The single DVD-ROM offers roughly 2 GB of content in Apple Loops, WAV, and REX2 formats. I put the Apple Loops through their paces in Apple Logic 7.1, used the REX2 files in MOTU Digital Performer 4.61 and Propellerhead Reason 2.5, and auditioned the REX2 and WAV files in Cakewalk Sonar 5.2.

If you want to sequence the grooves from scratch, the Apple Loops and WAV folders include a subfolder of 29 different instruments, each with a multitude of hits and articulations. For example, the Udu folder has separate subfolders for low, mid, and high instruments comprising 61 samples total. Abbreviated text in the file names provides a key to the articulation of the instrument sample. For example, MF indicates mezzo forte, OT represents an open tone, LH delineates a left-hand hit, and GN means a ghosted note. The otherwise skimpy documentation provides a full list of the terms.

The focus of the library is the grooves, which are presented in 26 construction kits consisting of repeating patterns of up to 16 bars. Each kit represents a distinct regional style. The collection offers loops of the constituent instruments, letting you change dynamics by altering the rhythmic density of the performance.
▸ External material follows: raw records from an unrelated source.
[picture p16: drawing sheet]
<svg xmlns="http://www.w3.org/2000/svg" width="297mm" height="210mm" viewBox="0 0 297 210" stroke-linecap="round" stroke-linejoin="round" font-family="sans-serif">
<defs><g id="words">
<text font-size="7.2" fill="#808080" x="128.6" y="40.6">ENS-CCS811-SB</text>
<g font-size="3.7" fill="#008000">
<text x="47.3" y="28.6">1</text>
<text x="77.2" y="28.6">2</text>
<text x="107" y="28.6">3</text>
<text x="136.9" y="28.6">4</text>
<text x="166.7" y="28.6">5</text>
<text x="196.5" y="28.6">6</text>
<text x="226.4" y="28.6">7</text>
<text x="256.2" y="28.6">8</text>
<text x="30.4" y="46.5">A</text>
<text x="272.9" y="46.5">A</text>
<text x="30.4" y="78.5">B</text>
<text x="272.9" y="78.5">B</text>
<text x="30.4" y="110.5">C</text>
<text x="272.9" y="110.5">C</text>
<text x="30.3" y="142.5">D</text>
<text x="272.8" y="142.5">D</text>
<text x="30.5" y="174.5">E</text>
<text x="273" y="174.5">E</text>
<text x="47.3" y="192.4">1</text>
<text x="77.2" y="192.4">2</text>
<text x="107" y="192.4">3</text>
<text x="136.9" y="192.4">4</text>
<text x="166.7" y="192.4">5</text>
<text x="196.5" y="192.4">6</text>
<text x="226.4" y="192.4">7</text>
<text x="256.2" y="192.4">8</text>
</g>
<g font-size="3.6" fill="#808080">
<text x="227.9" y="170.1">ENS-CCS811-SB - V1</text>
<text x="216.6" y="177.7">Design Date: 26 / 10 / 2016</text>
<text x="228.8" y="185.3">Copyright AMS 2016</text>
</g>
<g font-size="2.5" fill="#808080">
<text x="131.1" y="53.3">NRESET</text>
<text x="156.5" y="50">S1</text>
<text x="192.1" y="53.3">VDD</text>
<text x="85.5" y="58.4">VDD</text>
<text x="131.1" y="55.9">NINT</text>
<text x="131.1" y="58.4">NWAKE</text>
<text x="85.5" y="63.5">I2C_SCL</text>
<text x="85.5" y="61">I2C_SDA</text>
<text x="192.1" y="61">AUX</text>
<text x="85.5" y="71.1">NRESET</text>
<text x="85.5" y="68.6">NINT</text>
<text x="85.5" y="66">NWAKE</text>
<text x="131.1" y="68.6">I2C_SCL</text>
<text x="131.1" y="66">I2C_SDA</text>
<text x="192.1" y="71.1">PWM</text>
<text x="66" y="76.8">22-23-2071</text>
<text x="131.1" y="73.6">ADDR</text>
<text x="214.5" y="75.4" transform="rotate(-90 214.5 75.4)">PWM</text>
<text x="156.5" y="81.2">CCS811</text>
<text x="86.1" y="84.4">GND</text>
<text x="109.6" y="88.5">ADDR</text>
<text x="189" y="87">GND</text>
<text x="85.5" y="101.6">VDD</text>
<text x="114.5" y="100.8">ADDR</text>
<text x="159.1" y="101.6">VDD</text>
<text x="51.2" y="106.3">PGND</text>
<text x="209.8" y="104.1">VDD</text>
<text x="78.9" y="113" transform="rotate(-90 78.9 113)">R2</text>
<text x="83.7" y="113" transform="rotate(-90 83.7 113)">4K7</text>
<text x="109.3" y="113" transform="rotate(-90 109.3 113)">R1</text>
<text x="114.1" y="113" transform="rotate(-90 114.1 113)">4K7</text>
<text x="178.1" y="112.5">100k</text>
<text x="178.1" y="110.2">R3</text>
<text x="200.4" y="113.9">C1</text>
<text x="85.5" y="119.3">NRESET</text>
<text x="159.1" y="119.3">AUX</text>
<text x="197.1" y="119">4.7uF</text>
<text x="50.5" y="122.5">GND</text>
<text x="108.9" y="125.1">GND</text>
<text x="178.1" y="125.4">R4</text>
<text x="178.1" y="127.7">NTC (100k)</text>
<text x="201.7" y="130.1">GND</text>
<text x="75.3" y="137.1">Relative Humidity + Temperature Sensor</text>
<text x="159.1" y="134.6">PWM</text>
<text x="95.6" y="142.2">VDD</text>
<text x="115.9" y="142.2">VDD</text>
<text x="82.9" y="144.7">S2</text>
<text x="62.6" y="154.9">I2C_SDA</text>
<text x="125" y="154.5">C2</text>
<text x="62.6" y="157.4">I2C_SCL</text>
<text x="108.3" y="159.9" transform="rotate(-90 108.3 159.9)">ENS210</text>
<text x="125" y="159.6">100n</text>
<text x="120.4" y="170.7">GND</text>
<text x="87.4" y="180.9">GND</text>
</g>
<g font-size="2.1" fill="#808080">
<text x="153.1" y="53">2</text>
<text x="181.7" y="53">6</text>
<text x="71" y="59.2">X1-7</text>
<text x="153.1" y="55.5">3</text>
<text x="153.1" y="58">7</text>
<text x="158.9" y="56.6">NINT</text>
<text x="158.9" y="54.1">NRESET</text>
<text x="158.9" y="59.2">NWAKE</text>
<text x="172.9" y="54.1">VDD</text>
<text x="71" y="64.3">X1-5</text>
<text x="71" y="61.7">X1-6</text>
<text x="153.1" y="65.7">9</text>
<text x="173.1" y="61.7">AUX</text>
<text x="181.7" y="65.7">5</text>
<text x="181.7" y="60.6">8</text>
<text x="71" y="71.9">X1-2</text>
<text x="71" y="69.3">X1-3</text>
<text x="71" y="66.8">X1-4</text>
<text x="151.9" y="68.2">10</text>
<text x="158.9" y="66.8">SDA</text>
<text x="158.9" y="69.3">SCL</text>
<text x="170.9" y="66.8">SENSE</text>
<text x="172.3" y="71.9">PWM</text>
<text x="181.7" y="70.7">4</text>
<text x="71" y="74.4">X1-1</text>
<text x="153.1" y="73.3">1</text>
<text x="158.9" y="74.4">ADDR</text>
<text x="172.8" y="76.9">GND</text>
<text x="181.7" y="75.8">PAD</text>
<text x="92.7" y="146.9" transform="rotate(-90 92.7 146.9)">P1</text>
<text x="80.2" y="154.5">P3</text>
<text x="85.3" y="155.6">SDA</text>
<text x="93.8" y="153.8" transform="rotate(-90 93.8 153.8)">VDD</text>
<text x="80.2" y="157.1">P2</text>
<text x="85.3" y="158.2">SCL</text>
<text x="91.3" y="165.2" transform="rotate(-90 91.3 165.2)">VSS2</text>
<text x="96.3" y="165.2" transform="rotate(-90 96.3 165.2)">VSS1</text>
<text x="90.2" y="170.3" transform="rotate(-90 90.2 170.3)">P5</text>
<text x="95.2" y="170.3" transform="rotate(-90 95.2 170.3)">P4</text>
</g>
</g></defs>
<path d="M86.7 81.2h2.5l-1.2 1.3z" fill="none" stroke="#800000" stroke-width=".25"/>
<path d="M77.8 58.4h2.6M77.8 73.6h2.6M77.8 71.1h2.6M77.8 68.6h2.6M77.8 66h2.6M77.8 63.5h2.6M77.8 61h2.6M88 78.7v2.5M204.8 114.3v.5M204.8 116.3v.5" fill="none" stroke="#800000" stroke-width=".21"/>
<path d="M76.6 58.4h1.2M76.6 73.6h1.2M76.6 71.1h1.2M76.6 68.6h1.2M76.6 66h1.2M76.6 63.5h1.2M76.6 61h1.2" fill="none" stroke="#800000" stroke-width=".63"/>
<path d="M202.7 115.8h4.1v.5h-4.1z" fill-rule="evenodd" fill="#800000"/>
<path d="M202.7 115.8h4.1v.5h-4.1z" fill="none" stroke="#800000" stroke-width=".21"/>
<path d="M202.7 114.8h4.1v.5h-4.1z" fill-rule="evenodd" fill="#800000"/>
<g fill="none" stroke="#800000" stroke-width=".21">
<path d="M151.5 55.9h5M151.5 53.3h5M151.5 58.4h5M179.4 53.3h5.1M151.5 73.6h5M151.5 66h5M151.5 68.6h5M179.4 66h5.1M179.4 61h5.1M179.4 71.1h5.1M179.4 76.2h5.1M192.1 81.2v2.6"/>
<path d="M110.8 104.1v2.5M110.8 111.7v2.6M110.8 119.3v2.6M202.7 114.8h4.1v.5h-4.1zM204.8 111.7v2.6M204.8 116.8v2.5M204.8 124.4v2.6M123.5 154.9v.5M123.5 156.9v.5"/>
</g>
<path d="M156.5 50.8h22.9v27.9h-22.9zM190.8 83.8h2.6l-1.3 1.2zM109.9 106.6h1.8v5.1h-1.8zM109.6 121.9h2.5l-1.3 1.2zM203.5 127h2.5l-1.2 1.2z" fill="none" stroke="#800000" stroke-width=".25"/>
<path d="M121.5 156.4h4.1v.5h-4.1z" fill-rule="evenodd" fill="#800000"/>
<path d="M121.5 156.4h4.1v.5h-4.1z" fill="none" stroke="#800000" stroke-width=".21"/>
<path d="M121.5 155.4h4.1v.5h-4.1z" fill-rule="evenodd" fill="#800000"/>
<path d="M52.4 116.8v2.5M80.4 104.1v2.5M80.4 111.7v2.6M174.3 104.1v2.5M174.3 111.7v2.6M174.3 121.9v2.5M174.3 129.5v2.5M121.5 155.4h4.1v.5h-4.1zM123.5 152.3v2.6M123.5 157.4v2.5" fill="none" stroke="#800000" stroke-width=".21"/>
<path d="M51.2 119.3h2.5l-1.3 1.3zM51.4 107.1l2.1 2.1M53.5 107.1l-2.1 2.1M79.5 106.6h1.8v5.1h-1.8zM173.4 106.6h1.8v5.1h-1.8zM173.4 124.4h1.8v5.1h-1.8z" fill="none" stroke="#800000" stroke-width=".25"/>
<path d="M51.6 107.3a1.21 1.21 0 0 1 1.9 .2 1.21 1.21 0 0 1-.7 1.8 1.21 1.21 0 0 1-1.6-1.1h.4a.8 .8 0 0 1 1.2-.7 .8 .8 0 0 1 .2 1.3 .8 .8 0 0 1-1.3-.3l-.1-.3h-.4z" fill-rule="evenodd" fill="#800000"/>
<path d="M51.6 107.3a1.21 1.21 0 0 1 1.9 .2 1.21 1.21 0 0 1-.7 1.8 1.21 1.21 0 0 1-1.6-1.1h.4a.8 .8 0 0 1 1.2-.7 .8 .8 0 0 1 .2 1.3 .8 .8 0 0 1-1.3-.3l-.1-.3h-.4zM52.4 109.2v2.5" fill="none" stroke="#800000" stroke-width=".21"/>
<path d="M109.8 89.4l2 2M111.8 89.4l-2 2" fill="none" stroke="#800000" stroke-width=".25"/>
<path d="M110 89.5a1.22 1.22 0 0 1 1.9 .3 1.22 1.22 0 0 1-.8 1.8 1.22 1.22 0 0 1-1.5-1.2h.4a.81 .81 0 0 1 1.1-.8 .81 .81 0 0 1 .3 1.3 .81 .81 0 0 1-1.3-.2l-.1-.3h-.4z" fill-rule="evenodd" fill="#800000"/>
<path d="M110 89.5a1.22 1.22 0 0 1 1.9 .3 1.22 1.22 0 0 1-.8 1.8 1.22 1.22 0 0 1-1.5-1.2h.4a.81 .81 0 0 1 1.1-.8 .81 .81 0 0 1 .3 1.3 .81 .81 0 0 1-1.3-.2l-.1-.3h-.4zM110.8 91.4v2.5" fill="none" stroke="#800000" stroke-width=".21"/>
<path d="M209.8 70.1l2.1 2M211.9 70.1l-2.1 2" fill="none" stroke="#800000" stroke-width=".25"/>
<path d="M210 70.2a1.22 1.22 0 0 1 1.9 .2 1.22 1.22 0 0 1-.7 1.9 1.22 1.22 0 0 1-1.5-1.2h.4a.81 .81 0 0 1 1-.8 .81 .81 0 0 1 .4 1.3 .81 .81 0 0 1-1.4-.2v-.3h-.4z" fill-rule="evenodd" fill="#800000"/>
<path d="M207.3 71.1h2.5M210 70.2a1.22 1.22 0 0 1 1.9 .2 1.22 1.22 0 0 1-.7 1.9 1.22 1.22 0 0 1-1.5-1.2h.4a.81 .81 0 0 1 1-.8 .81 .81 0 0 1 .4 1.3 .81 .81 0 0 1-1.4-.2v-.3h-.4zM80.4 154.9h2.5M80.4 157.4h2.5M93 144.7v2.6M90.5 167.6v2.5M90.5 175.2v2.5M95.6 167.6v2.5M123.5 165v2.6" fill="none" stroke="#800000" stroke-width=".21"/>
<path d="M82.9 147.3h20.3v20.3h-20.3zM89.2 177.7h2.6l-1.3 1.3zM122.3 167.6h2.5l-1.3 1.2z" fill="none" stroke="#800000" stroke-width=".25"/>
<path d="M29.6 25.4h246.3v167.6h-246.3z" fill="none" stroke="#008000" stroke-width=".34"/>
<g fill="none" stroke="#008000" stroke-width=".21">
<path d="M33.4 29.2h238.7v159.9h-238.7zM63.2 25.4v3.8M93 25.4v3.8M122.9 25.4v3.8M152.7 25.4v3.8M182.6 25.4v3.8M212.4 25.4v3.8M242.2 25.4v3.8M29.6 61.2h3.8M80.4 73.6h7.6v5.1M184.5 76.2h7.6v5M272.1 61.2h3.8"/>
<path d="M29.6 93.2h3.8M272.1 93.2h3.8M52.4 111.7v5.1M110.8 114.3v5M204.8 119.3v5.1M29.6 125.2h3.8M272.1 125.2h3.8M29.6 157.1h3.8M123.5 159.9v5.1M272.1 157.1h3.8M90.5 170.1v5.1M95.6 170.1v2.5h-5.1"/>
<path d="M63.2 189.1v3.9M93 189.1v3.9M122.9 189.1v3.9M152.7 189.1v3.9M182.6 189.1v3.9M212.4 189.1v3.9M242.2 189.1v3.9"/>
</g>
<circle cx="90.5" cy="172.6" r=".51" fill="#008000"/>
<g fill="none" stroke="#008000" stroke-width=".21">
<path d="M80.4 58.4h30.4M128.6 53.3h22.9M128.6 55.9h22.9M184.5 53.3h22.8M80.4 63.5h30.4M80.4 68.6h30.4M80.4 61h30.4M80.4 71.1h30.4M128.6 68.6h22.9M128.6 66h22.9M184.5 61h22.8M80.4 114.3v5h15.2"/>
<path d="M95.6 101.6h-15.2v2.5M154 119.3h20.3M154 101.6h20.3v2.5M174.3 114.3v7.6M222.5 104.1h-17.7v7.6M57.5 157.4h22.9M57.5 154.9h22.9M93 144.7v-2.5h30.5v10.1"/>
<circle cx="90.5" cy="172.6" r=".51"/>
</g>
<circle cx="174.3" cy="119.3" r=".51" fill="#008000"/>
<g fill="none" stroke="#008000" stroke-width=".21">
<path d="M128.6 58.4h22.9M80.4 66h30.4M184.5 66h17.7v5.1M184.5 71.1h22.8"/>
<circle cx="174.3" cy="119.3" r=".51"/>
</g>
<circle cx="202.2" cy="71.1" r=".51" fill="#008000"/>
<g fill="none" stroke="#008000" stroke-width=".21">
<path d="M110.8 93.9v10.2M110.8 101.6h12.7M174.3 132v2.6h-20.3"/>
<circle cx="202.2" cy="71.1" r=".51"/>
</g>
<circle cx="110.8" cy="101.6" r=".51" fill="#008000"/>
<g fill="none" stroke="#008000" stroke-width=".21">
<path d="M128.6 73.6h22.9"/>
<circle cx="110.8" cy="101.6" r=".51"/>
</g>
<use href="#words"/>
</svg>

The title of each groove's folder reflects its tempo and time signature (when deviating from 4/4). Given a choice, I would prefer a song-form approach with more bars of music. But most of the loops here worked very well within the more repetitive confines of pop.

Unless you are familiar with the styles, you'll need to do some listening to find what's right for your music. Fortunately, each folder has a full-mix groove you can audition or simply drop into a track and loop. Some loop sets have additional tracks not found in the main mix to add variety. Auditioning any single element reveals the human origin of the performances: beats deliberately drag and then catch up. In the context of the full percussion section, it all makes perfect rhythmic sense, as the elements push and pull against each other, swinging subtly sometimes, or creating an edgy, propulsive feel at other times (see Web Clip 1).

Down in the Grooveyard

The REX2 versions are easily the most adaptable of the format, offering the widest range of tempo scaling along with the ability to easily change dynamics and feel in detailed, by-the-slice fashion. In addition to the aforementioned hosts, I successfully imported the REX2 files into Native Instruments Intakt 1.03 and Sonar 5's RXP REX-File player. Tracks looped smoothly without any rhythmic hiccups.

The overall character of the percussion is intimate and detailed. Despite the manufacturer's claimed attempts to avoid ambience, the recording is far from sterile or anechoic; at times you can hear the bleed-through of other instruments, and all of the grooves are imbued with a sweet, subtle ambience.

Singling out any groove as a favorite would be futile and would be a disservice to the diversity of this collection. The loops could easily find homes in projects ranging from Latin pop or rock to jazz and Latin-inflected fusion compositions. More documentation, particularly notes describing the styles and their origins, would be useful. I'd also appreciate information on the various instruments and their role in a particular groove; that could be of immense help if you wanted to build your own grooves from the individual instruments. Longer tracks allowing more development would be great too, but at such a reasonable price, it's hard to quibble. Roots of South America, vol. 2, sounds terrific and grooves hard. I recommend it highly.